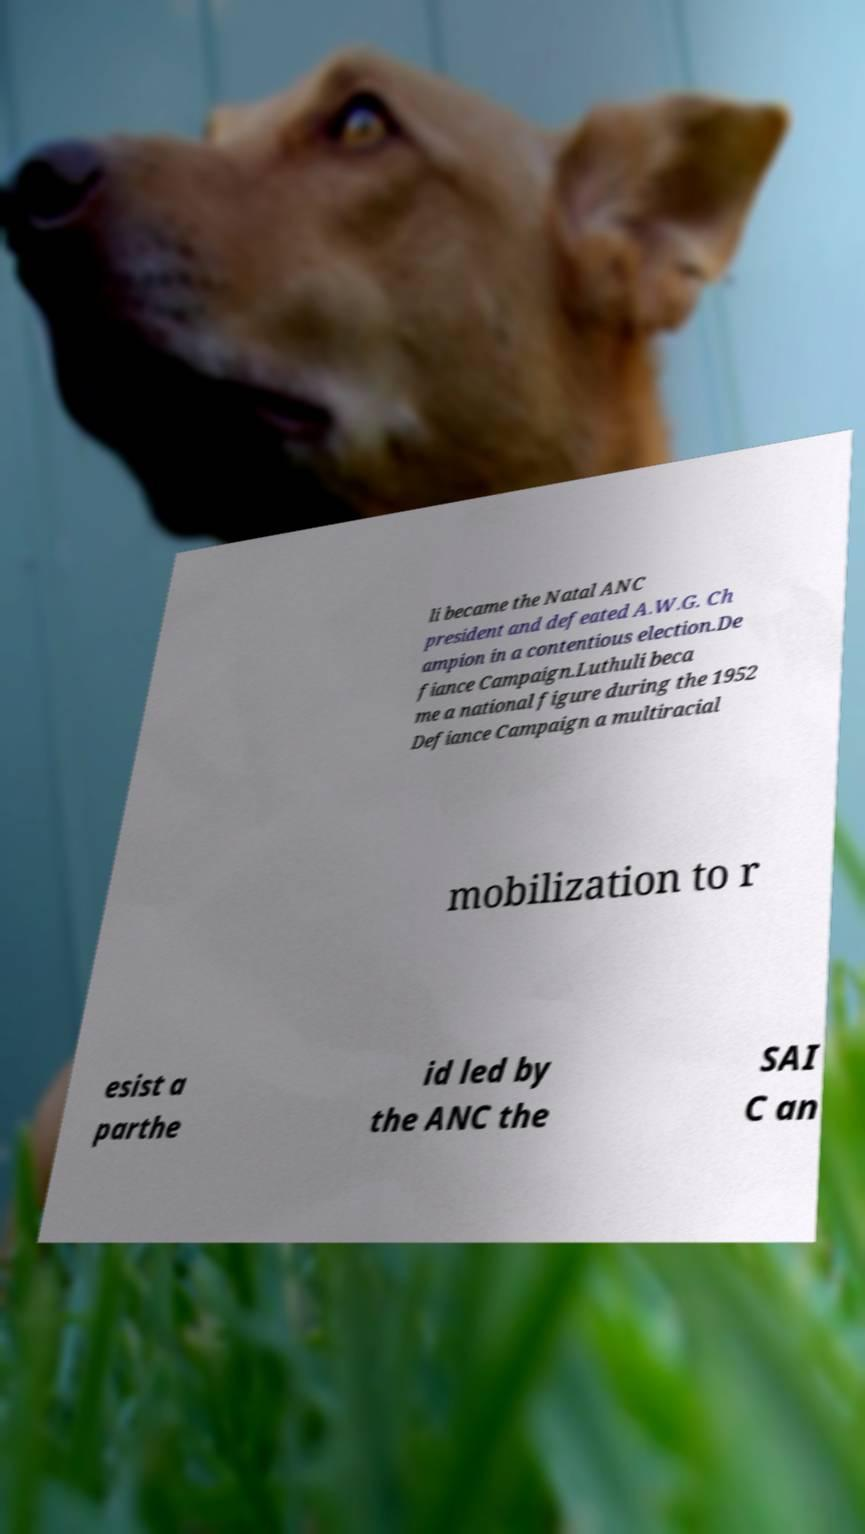I need the written content from this picture converted into text. Can you do that? li became the Natal ANC president and defeated A.W.G. Ch ampion in a contentious election.De fiance Campaign.Luthuli beca me a national figure during the 1952 Defiance Campaign a multiracial mobilization to r esist a parthe id led by the ANC the SAI C an 
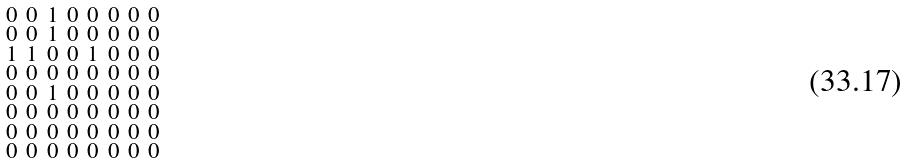Convert formula to latex. <formula><loc_0><loc_0><loc_500><loc_500>\begin{smallmatrix} 0 & 0 & 1 & 0 & 0 & 0 & 0 & 0 \\ 0 & 0 & 1 & 0 & 0 & 0 & 0 & 0 \\ 1 & 1 & 0 & 0 & 1 & 0 & 0 & 0 \\ 0 & 0 & 0 & 0 & 0 & 0 & 0 & 0 \\ 0 & 0 & 1 & 0 & 0 & 0 & 0 & 0 \\ 0 & 0 & 0 & 0 & 0 & 0 & 0 & 0 \\ 0 & 0 & 0 & 0 & 0 & 0 & 0 & 0 \\ 0 & 0 & 0 & 0 & 0 & 0 & 0 & 0 \end{smallmatrix}</formula> 
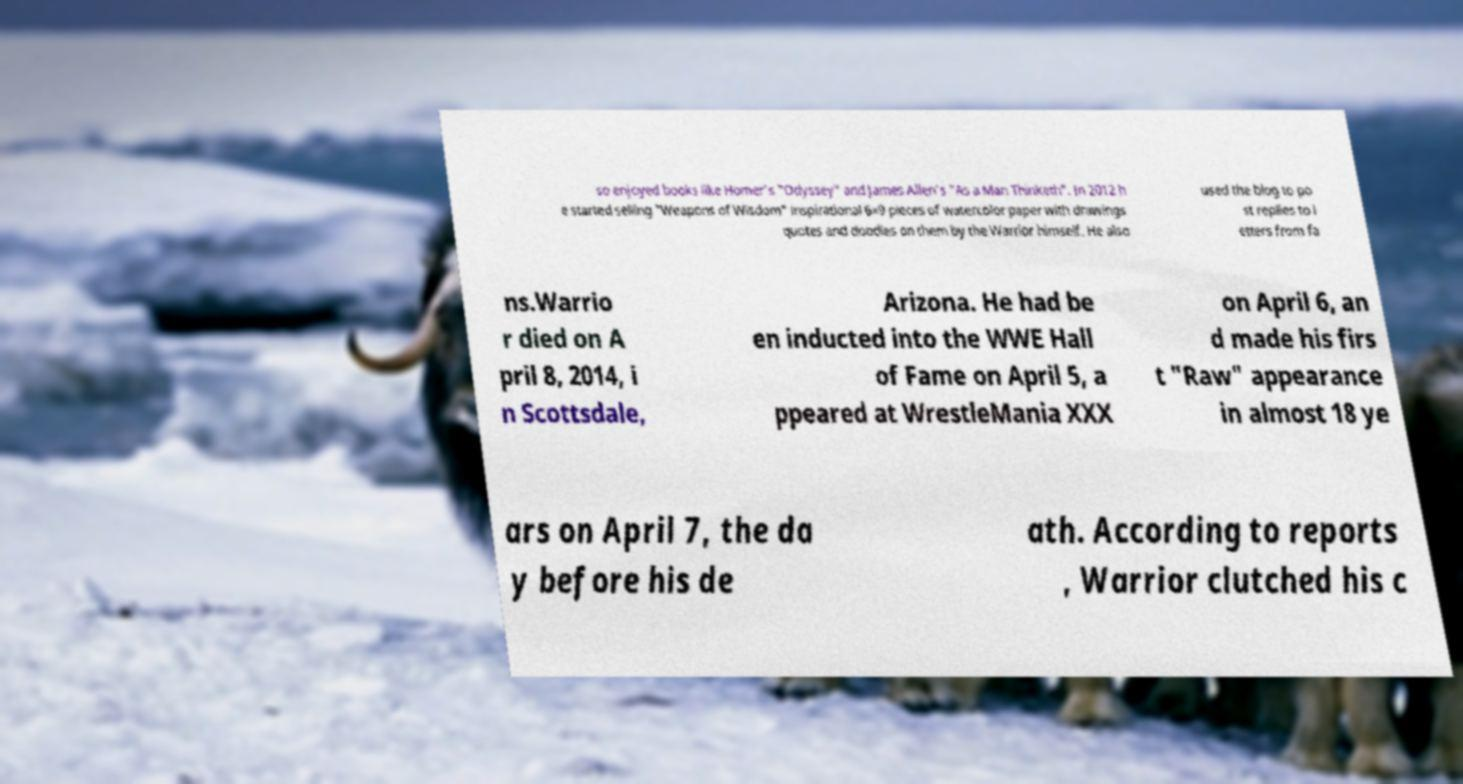Can you accurately transcribe the text from the provided image for me? so enjoyed books like Homer's "Odyssey" and James Allen's "As a Man Thinketh". In 2012 h e started selling "Weapons of Wisdom" inspirational 6×9 pieces of watercolor paper with drawings quotes and doodles on them by the Warrior himself. He also used the blog to po st replies to l etters from fa ns.Warrio r died on A pril 8, 2014, i n Scottsdale, Arizona. He had be en inducted into the WWE Hall of Fame on April 5, a ppeared at WrestleMania XXX on April 6, an d made his firs t "Raw" appearance in almost 18 ye ars on April 7, the da y before his de ath. According to reports , Warrior clutched his c 
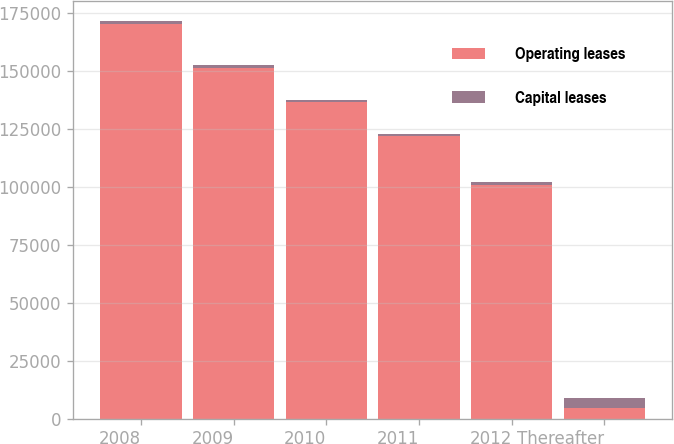Convert chart. <chart><loc_0><loc_0><loc_500><loc_500><stacked_bar_chart><ecel><fcel>2008<fcel>2009<fcel>2010<fcel>2011<fcel>2012<fcel>Thereafter<nl><fcel>Operating leases<fcel>170192<fcel>151344<fcel>136480<fcel>121913<fcel>101035<fcel>4452<nl><fcel>Capital leases<fcel>1579<fcel>1162<fcel>962<fcel>966<fcel>987<fcel>4452<nl></chart> 
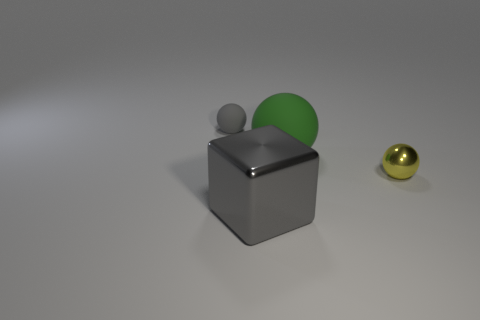Subtract all rubber spheres. How many spheres are left? 1 Subtract all gray balls. How many balls are left? 2 Add 3 tiny spheres. How many objects exist? 7 Subtract all cubes. How many objects are left? 3 Subtract 3 balls. How many balls are left? 0 Add 1 small gray rubber objects. How many small gray rubber objects exist? 2 Subtract 0 yellow cylinders. How many objects are left? 4 Subtract all red spheres. Subtract all brown cubes. How many spheres are left? 3 Subtract all brown matte things. Subtract all big green things. How many objects are left? 3 Add 1 big metal objects. How many big metal objects are left? 2 
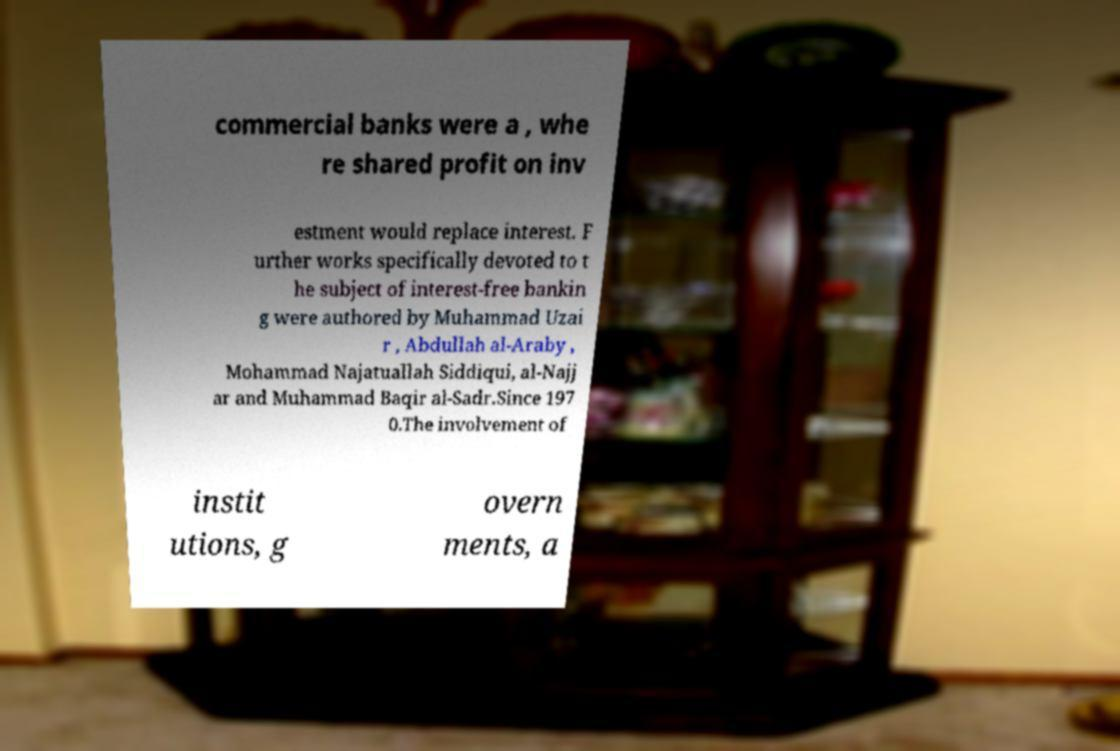Please read and relay the text visible in this image. What does it say? commercial banks were a , whe re shared profit on inv estment would replace interest. F urther works specifically devoted to t he subject of interest-free bankin g were authored by Muhammad Uzai r , Abdullah al-Araby , Mohammad Najatuallah Siddiqui, al-Najj ar and Muhammad Baqir al-Sadr.Since 197 0.The involvement of instit utions, g overn ments, a 
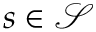<formula> <loc_0><loc_0><loc_500><loc_500>s \in \mathcal { S }</formula> 
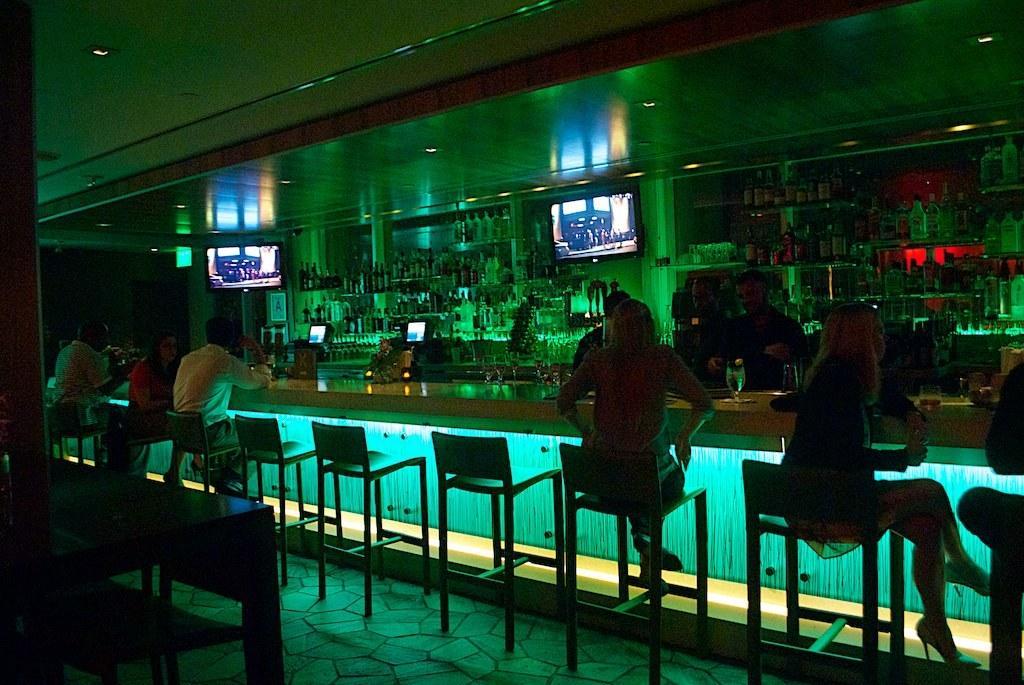Could you give a brief overview of what you see in this image? In this image i can see there is a group of people who are sitting on a chair in front of a table. Here I can see the group of bottles, few TVs on the wall.

◆ EXERCISE DETAILS: Restate every entry above word for word; no picture belongs in the copy.

◆ ANSWER FOR THIS EXERCISE:
I need the written content from this picture converted into text. Can you do that? li became the Natal ANC president and defeated A.W.G. Ch ampion in a contentious election.De fiance Campaign.Luthuli beca me a national figure during the 1952 Defiance Campaign a multiracial mobilization to r esist a parthe id led by the ANC the SAI C an 
Convert formula to latex. <formula><loc_0><loc_0><loc_500><loc_500>\begin{smallmatrix} 0 & 0 & 1 & 0 & 0 & 0 & 0 & 0 \\ 0 & 0 & 1 & 0 & 0 & 0 & 0 & 0 \\ 1 & 1 & 0 & 0 & 1 & 0 & 0 & 0 \\ 0 & 0 & 0 & 0 & 0 & 0 & 0 & 0 \\ 0 & 0 & 1 & 0 & 0 & 0 & 0 & 0 \\ 0 & 0 & 0 & 0 & 0 & 0 & 0 & 0 \\ 0 & 0 & 0 & 0 & 0 & 0 & 0 & 0 \\ 0 & 0 & 0 & 0 & 0 & 0 & 0 & 0 \end{smallmatrix}</formula> 
Can you accurately transcribe the text from the provided image for me? so enjoyed books like Homer's "Odyssey" and James Allen's "As a Man Thinketh". In 2012 h e started selling "Weapons of Wisdom" inspirational 6×9 pieces of watercolor paper with drawings quotes and doodles on them by the Warrior himself. He also used the blog to po st replies to l etters from fa ns.Warrio r died on A pril 8, 2014, i n Scottsdale, Arizona. He had be en inducted into the WWE Hall of Fame on April 5, a ppeared at WrestleMania XXX on April 6, an d made his firs t "Raw" appearance in almost 18 ye ars on April 7, the da y before his de ath. According to reports , Warrior clutched his c 
Convert chart. <chart><loc_0><loc_0><loc_500><loc_500><stacked_bar_chart><ecel><fcel>2008<fcel>2009<fcel>2010<fcel>2011<fcel>2012<fcel>Thereafter<nl><fcel>Operating leases<fcel>170192<fcel>151344<fcel>136480<fcel>121913<fcel>101035<fcel>4452<nl><fcel>Capital leases<fcel>1579<fcel>1162<fcel>962<fcel>966<fcel>987<fcel>4452<nl></chart> 
Subtract all rubber spheres. How many spheres are left? 1 Subtract all gray balls. How many balls are left? 2 Add 3 tiny spheres. How many objects exist? 7 Subtract all cubes. How many objects are left? 3 Subtract 3 balls. How many balls are left? 0 Add 1 small gray rubber objects. How many small gray rubber objects exist? 2 Subtract 0 yellow cylinders. How many objects are left? 4 Subtract all red spheres. Subtract all brown cubes. How many spheres are left? 3 Subtract all brown matte things. Subtract all big green things. How many objects are left? 3 Add 1 big metal objects. How many big metal objects are left? 2 
Please read and relay the text visible in this image. What does it say? commercial banks were a , whe re shared profit on inv estment would replace interest. F urther works specifically devoted to t he subject of interest-free bankin g were authored by Muhammad Uzai r , Abdullah al-Araby , Mohammad Najatuallah Siddiqui, al-Najj ar and Muhammad Baqir al-Sadr.Since 197 0.The involvement of instit utions, g overn ments, a 
<formula> <loc_0><loc_0><loc_500><loc_500>s \in \mathcal { S }</formula> 
Could you give a brief overview of what you see in this image? In this image i can see there is a group of people who are sitting on a chair in front of a table. Here I can see the group of bottles, few TVs on the wall.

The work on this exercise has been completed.